# PSE Vendetta XS L6 / shoot or sell?



## PBH (Nov 7, 2007)

I received a PSE Vendetta XS L6 for Christmas. It was a surprise -- I was not in the market for a new bow. The bow has a bit of history to it. It has been shot a handful of times. Two of those times the string broke. After the second break the bow was returned to PSE where they determined the cause of the breaks to be faulty cams. The cams and string were replaced with new, then returned. It was then given to me for Christmas. So, the existing bow, with new cams and string, has never been shot. There are a couple small scratches on the limbs -- I'm assuming from the two original breaks. I guess you could say that the bow is both "used" and "new".

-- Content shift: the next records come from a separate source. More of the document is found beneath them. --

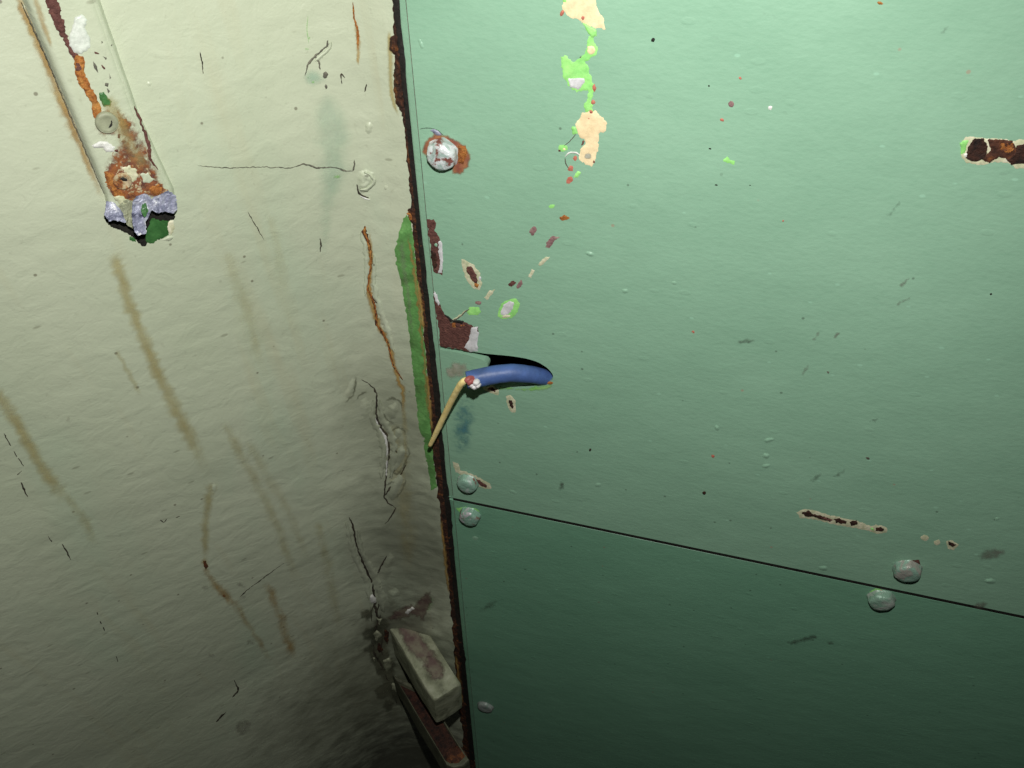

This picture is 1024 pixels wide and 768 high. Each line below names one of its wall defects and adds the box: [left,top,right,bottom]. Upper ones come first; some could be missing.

rust [18,0,168,201]
peeling [558,0,607,184]
crack [203,160,355,177]
peeling [104,210,175,246]
peeling [427,219,443,275]
peeling [498,236,559,319]
crack [354,226,406,524]
peeling [394,215,437,490]
rust [388,0,492,768]
crack [345,517,387,621]
rust [796,509,887,534]

Like I mentioned, I was not in the market for a new bow. This model is not quite what I would have purchased had I been in the market. So, I now have a decision to make:

1. Do I go through the effort of setting this bow up to shoot, and see if I like it?

or

2. Do I sell it and use the money to put towards a new bow of my choice?
2a. If I choose to sell, how much would you say I could reasonably ask?


----------



## twinkielk15 (Jan 17, 2011)

I guess I don't really have much input as far as what steps you should take, but I will say that I have had my Vendetta for nearly two years and absolutely love it. I have never drawn a bow that smooth. To be fair, my choices are quite limited because I have a long draw length. It was basically down to four bows and I like the Vendetta best. Not sure if that helps you decide anything...


----------